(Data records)
BEGIN

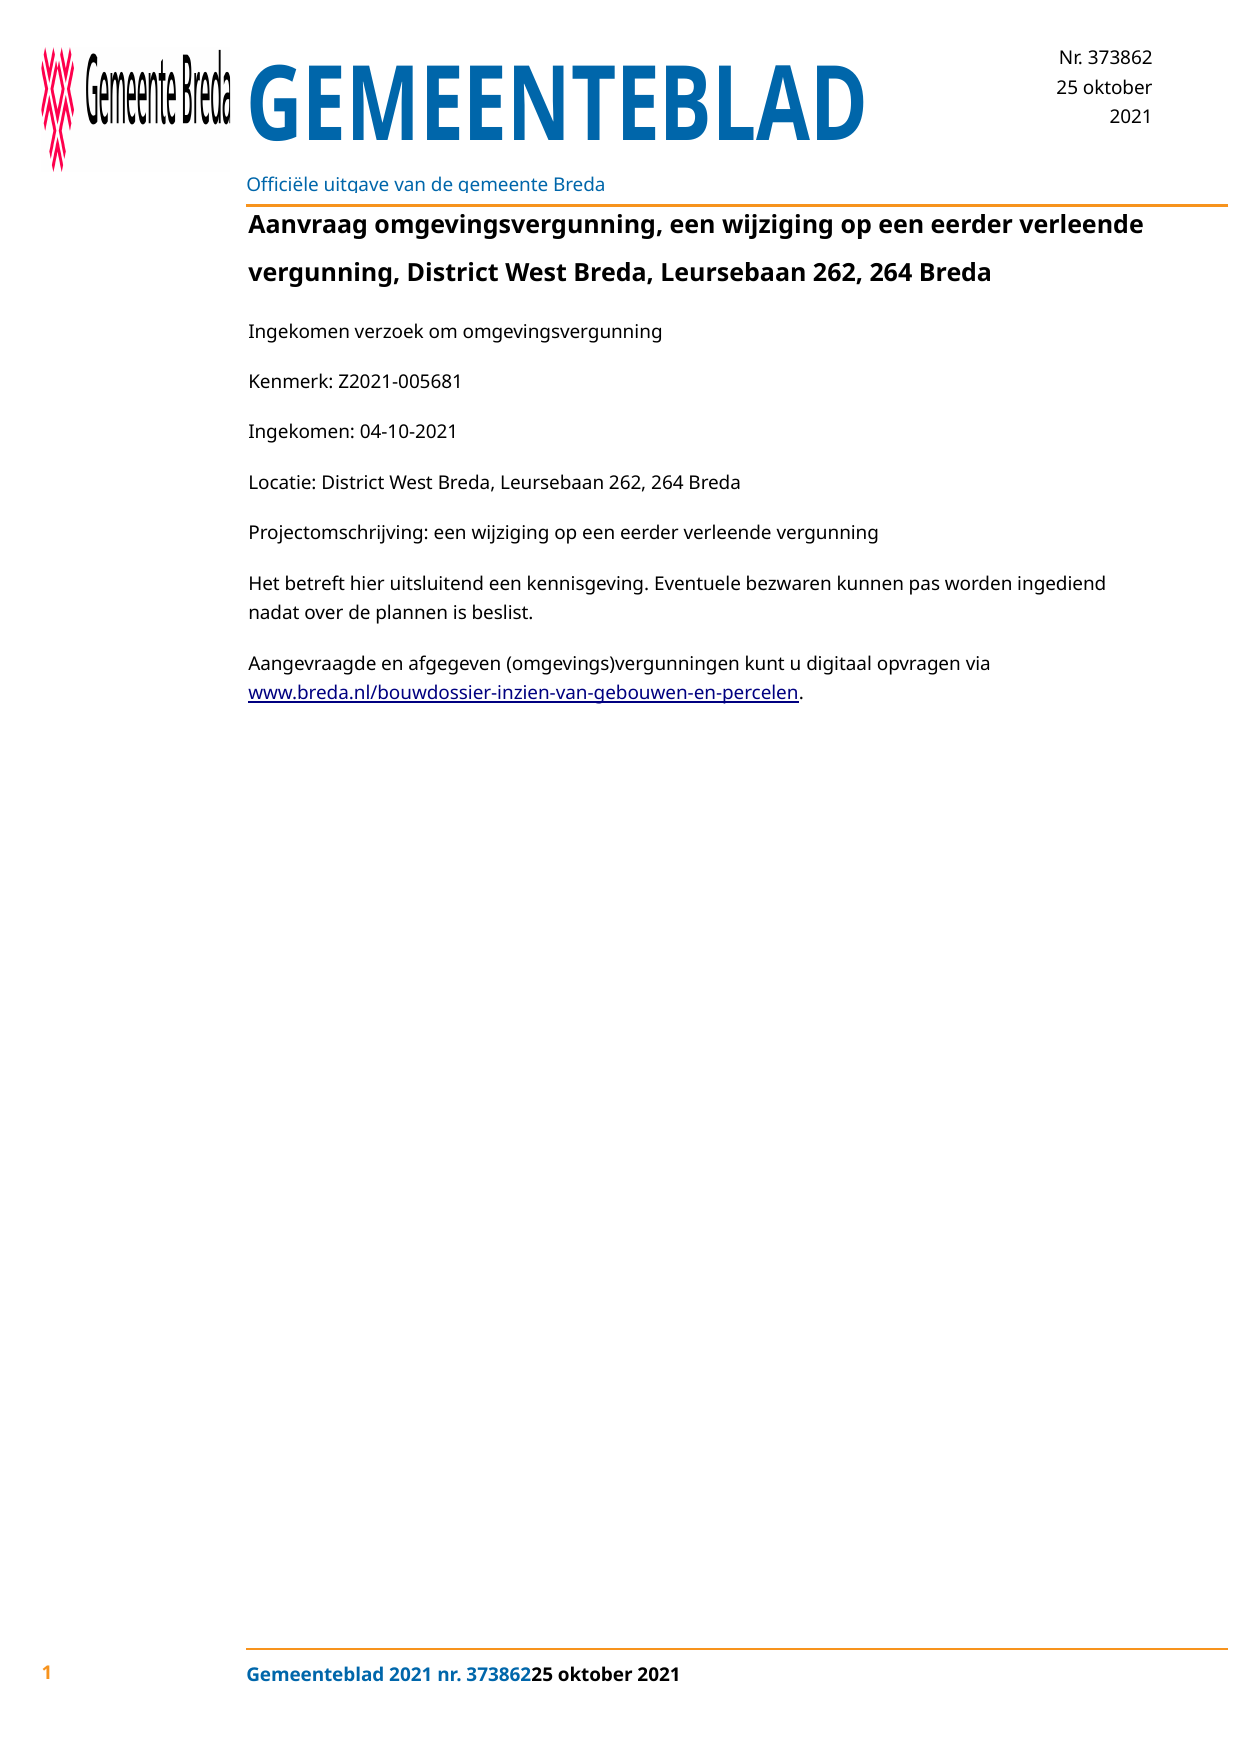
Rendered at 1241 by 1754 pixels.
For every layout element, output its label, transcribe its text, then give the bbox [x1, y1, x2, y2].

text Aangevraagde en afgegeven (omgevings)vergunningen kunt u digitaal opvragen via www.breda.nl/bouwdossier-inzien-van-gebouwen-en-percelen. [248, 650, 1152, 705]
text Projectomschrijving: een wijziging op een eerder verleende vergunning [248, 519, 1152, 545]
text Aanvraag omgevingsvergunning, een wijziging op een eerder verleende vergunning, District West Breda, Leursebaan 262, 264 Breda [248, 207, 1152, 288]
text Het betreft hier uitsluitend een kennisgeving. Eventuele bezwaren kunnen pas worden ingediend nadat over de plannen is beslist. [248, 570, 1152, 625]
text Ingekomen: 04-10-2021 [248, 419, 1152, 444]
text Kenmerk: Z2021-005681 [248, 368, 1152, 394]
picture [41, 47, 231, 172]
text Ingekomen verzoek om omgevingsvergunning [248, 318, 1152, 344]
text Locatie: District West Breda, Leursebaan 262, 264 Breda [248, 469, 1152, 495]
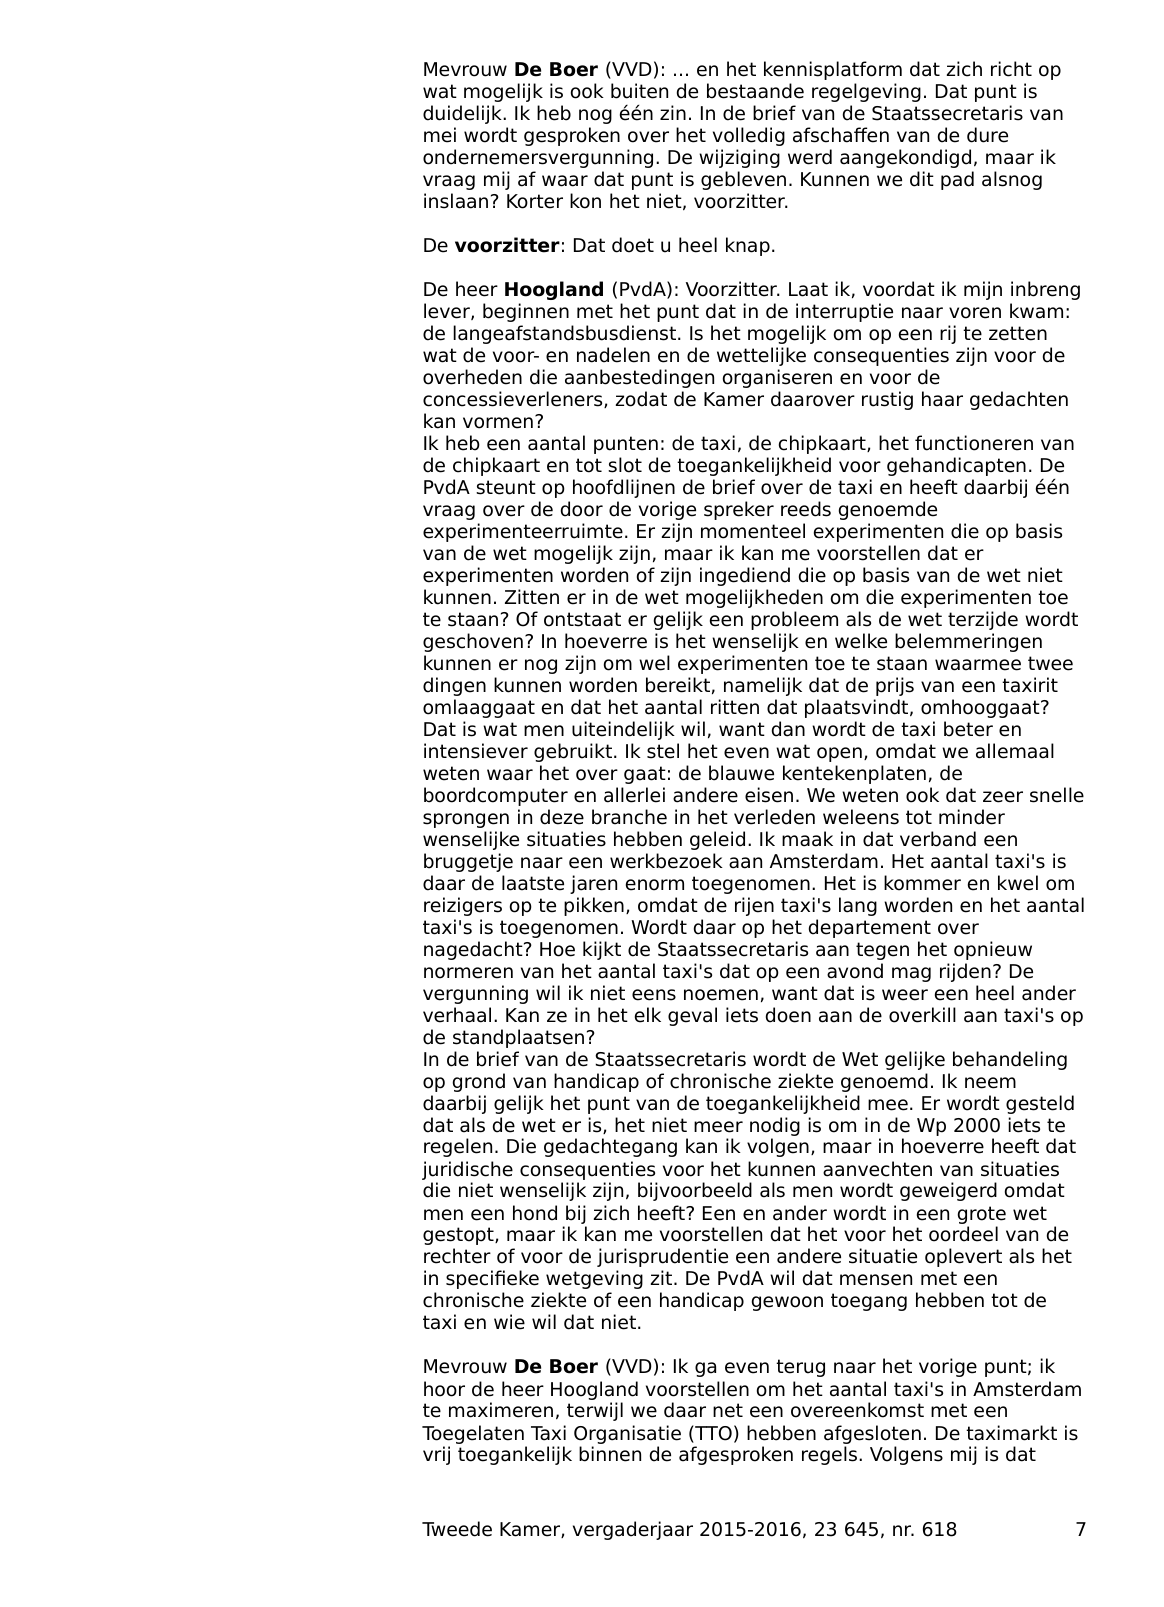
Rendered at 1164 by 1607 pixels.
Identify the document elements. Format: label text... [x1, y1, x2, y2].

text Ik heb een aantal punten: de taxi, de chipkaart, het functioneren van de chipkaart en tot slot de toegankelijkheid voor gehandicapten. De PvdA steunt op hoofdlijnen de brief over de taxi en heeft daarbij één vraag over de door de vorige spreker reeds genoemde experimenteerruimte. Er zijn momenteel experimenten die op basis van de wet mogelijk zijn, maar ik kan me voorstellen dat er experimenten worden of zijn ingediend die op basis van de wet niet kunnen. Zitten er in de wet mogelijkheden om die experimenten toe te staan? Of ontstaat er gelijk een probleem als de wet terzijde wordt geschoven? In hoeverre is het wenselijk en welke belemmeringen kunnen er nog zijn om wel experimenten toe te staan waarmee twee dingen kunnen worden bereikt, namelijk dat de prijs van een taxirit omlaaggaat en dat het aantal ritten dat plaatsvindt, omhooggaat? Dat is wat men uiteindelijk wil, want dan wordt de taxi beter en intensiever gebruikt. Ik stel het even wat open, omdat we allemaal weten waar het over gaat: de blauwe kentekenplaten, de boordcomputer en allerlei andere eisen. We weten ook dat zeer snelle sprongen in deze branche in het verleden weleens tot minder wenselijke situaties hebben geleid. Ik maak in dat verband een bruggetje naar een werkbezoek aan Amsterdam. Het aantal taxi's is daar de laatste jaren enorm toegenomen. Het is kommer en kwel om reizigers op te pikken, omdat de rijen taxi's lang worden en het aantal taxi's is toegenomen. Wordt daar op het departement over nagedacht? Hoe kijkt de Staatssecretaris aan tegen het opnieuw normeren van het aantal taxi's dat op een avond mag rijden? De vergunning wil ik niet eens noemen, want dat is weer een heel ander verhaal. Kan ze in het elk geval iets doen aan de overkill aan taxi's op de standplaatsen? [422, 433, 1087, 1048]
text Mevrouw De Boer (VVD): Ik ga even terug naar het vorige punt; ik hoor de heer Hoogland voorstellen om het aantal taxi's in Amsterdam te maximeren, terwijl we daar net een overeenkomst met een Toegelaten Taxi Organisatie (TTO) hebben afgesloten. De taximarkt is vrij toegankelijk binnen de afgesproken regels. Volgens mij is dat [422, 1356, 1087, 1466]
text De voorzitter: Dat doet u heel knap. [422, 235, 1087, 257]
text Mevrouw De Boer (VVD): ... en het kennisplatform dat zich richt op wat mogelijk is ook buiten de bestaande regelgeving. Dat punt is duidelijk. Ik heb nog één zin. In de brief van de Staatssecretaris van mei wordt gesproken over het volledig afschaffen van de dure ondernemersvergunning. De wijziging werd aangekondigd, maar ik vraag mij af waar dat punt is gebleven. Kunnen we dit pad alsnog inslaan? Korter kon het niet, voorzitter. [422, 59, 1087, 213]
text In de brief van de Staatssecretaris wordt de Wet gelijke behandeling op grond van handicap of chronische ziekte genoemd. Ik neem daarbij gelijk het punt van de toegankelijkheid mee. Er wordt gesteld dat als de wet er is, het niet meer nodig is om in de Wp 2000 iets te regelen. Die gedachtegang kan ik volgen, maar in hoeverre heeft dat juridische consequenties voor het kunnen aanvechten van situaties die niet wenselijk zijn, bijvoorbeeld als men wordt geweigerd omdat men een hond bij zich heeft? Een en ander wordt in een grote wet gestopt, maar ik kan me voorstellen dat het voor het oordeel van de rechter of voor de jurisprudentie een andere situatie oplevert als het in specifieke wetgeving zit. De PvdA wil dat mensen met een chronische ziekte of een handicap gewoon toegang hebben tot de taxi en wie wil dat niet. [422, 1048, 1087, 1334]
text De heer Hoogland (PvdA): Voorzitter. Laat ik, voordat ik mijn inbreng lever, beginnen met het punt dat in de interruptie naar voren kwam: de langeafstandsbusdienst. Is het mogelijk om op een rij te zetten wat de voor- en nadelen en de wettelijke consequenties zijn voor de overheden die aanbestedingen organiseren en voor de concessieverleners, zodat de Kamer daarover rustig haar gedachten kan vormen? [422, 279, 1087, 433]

END

[Brief]
When you reach the line with "text Ingekomen verzoek" in the records above, begin repeating the lines exactly, and stop after the line with "Identify the document". Skip all pictures.

[Answer to this problem]
text Ingekomen verzoek om omgevingsvergunning [248, 318, 1152, 344]
text Locatie: District West Breda, Leursebaan 262, 264 Breda [248, 469, 1152, 495]
Rendered at 1164 by 1607 pixels.
Identify the document elements. Format: label text... [x1, y1, x2, y2].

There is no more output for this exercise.